[Material provided — start]

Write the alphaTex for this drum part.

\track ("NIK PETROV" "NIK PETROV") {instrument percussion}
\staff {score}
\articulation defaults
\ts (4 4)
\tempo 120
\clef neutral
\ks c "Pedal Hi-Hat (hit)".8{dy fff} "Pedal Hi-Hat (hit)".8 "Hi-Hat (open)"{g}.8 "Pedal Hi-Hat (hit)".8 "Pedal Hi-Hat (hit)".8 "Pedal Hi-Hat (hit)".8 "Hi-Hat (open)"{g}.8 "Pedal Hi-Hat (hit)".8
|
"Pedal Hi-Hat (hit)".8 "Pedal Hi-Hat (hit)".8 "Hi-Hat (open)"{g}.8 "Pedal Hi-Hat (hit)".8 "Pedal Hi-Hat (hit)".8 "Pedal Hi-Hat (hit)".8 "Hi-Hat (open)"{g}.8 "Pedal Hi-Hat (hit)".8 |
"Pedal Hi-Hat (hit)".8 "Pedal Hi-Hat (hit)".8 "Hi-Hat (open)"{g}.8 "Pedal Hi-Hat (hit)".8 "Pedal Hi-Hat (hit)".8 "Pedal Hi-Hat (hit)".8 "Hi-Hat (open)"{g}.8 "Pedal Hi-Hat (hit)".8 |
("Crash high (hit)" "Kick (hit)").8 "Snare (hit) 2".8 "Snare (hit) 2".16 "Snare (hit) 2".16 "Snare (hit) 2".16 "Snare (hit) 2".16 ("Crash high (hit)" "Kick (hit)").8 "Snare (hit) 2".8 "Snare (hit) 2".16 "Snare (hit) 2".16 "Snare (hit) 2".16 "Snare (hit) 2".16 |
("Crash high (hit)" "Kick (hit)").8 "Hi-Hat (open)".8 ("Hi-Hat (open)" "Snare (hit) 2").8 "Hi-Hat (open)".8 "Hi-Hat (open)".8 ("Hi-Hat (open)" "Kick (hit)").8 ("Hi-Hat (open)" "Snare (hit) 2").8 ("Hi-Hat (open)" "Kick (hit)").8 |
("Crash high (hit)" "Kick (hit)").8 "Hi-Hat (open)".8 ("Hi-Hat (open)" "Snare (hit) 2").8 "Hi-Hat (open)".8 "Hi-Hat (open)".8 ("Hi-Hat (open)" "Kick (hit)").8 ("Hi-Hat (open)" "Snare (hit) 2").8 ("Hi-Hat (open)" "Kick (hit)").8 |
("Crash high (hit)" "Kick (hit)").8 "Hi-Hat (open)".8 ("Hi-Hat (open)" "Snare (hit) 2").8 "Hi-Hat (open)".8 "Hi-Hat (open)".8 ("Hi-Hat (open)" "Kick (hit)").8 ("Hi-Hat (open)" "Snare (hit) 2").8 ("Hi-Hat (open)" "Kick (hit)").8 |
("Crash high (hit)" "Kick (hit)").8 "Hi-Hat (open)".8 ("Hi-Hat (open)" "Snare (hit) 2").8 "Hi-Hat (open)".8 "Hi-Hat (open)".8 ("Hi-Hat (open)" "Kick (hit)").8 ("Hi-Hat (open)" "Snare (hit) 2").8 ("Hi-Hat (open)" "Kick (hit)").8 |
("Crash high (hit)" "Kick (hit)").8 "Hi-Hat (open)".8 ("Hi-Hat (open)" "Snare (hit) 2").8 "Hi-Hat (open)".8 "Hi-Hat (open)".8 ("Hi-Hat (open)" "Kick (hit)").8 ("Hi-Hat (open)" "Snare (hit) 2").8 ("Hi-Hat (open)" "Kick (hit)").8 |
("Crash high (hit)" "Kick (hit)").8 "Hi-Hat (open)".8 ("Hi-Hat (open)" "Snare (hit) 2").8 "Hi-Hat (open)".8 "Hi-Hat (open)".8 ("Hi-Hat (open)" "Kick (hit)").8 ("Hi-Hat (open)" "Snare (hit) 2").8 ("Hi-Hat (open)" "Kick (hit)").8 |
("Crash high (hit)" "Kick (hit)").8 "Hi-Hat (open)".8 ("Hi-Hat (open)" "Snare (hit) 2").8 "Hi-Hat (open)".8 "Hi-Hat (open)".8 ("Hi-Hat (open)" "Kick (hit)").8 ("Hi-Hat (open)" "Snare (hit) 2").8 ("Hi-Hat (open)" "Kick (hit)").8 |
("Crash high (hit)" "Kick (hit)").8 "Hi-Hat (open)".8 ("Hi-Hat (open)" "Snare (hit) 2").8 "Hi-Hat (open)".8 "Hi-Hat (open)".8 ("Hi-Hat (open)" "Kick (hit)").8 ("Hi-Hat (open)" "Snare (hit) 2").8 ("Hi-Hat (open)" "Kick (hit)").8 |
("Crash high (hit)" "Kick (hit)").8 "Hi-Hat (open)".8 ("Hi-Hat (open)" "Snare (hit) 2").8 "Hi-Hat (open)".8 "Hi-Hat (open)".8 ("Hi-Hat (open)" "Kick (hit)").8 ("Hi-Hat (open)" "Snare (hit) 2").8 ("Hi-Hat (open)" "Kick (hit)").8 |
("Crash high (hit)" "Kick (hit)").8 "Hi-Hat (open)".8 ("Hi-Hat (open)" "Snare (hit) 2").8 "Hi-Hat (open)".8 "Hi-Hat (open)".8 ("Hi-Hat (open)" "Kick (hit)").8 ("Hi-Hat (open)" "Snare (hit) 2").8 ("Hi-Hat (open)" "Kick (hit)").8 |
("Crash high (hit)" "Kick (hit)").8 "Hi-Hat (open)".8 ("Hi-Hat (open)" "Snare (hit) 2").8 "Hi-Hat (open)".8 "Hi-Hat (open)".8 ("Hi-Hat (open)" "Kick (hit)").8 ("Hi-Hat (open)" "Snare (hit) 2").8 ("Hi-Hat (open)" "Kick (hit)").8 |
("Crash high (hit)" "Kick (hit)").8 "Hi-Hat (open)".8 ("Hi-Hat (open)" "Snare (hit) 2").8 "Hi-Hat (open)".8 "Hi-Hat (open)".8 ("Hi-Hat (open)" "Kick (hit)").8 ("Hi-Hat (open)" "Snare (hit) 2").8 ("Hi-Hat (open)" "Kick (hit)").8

[Material provided — finish]

The task: Line for line, the material above should be repeated exactly.

Written response:
Write the alphaTex for this drum part.

\track ("NIK PETROV" "NIK PETROV") {instrument percussion}
\staff {score}
\articulation defaults
\ts (4 4)
\tempo 120
\clef neutral
\ks c "Pedal Hi-Hat (hit)".8{dy fff} "Pedal Hi-Hat (hit)".8 "Hi-Hat (open)"{g}.8 "Pedal Hi-Hat (hit)".8 "Pedal Hi-Hat (hit)".8 "Pedal Hi-Hat (hit)".8 "Hi-Hat (open)"{g}.8 "Pedal Hi-Hat (hit)".8
|
"Pedal Hi-Hat (hit)".8 "Pedal Hi-Hat (hit)".8 "Hi-Hat (open)"{g}.8 "Pedal Hi-Hat (hit)".8 "Pedal Hi-Hat (hit)".8 "Pedal Hi-Hat (hit)".8 "Hi-Hat (open)"{g}.8 "Pedal Hi-Hat (hit)".8 |
"Pedal Hi-Hat (hit)".8 "Pedal Hi-Hat (hit)".8 "Hi-Hat (open)"{g}.8 "Pedal Hi-Hat (hit)".8 "Pedal Hi-Hat (hit)".8 "Pedal Hi-Hat (hit)".8 "Hi-Hat (open)"{g}.8 "Pedal Hi-Hat (hit)".8 |
("Crash high (hit)" "Kick (hit)").8 "Snare (hit) 2".8 "Snare (hit) 2".16 "Snare (hit) 2".16 "Snare (hit) 2".16 "Snare (hit) 2".16 ("Crash high (hit)" "Kick (hit)").8 "Snare (hit) 2".8 "Snare (hit) 2".16 "Snare (hit) 2".16 "Snare (hit) 2".16 "Snare (hit) 2".16 |
("Crash high (hit)" "Kick (hit)").8 "Hi-Hat (open)".8 ("Hi-Hat (open)" "Snare (hit) 2").8 "Hi-Hat (open)".8 "Hi-Hat (open)".8 ("Hi-Hat (open)" "Kick (hit)").8 ("Hi-Hat (open)" "Snare (hit) 2").8 ("Hi-Hat (open)" "Kick (hit)").8 |
("Crash high (hit)" "Kick (hit)").8 "Hi-Hat (open)".8 ("Hi-Hat (open)" "Snare (hit) 2").8 "Hi-Hat (open)".8 "Hi-Hat (open)".8 ("Hi-Hat (open)" "Kick (hit)").8 ("Hi-Hat (open)" "Snare (hit) 2").8 ("Hi-Hat (open)" "Kick (hit)").8 |
("Crash high (hit)" "Kick (hit)").8 "Hi-Hat (open)".8 ("Hi-Hat (open)" "Snare (hit) 2").8 "Hi-Hat (open)".8 "Hi-Hat (open)".8 ("Hi-Hat (open)" "Kick (hit)").8 ("Hi-Hat (open)" "Snare (hit) 2").8 ("Hi-Hat (open)" "Kick (hit)").8 |
("Crash high (hit)" "Kick (hit)").8 "Hi-Hat (open)".8 ("Hi-Hat (open)" "Snare (hit) 2").8 "Hi-Hat (open)".8 "Hi-Hat (open)".8 ("Hi-Hat (open)" "Kick (hit)").8 ("Hi-Hat (open)" "Snare (hit) 2").8 ("Hi-Hat (open)" "Kick (hit)").8 |
("Crash high (hit)" "Kick (hit)").8 "Hi-Hat (open)".8 ("Hi-Hat (open)" "Snare (hit) 2").8 "Hi-Hat (open)".8 "Hi-Hat (open)".8 ("Hi-Hat (open)" "Kick (hit)").8 ("Hi-Hat (open)" "Snare (hit) 2").8 ("Hi-Hat (open)" "Kick (hit)").8 |
("Crash high (hit)" "Kick (hit)").8 "Hi-Hat (open)".8 ("Hi-Hat (open)" "Snare (hit) 2").8 "Hi-Hat (open)".8 "Hi-Hat (open)".8 ("Hi-Hat (open)" "Kick (hit)").8 ("Hi-Hat (open)" "Snare (hit) 2").8 ("Hi-Hat (open)" "Kick (hit)").8 |
("Crash high (hit)" "Kick (hit)").8 "Hi-Hat (open)".8 ("Hi-Hat (open)" "Snare (hit) 2").8 "Hi-Hat (open)".8 "Hi-Hat (open)".8 ("Hi-Hat (open)" "Kick (hit)").8 ("Hi-Hat (open)" "Snare (hit) 2").8 ("Hi-Hat (open)" "Kick (hit)").8 |
("Crash high (hit)" "Kick (hit)").8 "Hi-Hat (open)".8 ("Hi-Hat (open)" "Snare (hit) 2").8 "Hi-Hat (open)".8 "Hi-Hat (open)".8 ("Hi-Hat (open)" "Kick (hit)").8 ("Hi-Hat (open)" "Snare (hit) 2").8 ("Hi-Hat (open)" "Kick (hit)").8 |
("Crash high (hit)" "Kick (hit)").8 "Hi-Hat (open)".8 ("Hi-Hat (open)" "Snare (hit) 2").8 "Hi-Hat (open)".8 "Hi-Hat (open)".8 ("Hi-Hat (open)" "Kick (hit)").8 ("Hi-Hat (open)" "Snare (hit) 2").8 ("Hi-Hat (open)" "Kick (hit)").8 |
("Crash high (hit)" "Kick (hit)").8 "Hi-Hat (open)".8 ("Hi-Hat (open)" "Snare (hit) 2").8 "Hi-Hat (open)".8 "Hi-Hat (open)".8 ("Hi-Hat (open)" "Kick (hit)").8 ("Hi-Hat (open)" "Snare (hit) 2").8 ("Hi-Hat (open)" "Kick (hit)").8 |
("Crash high (hit)" "Kick (hit)").8 "Hi-Hat (open)".8 ("Hi-Hat (open)" "Snare (hit) 2").8 "Hi-Hat (open)".8 "Hi-Hat (open)".8 ("Hi-Hat (open)" "Kick (hit)").8 ("Hi-Hat (open)" "Snare (hit) 2").8 ("Hi-Hat (open)" "Kick (hit)").8 |
("Crash high (hit)" "Kick (hit)").8 "Hi-Hat (open)".8 ("Hi-Hat (open)" "Snare (hit) 2").8 "Hi-Hat (open)".8 "Hi-Hat (open)".8 ("Hi-Hat (open)" "Kick (hit)").8 ("Hi-Hat (open)" "Snare (hit) 2").8 ("Hi-Hat (open)" "Kick (hit)").8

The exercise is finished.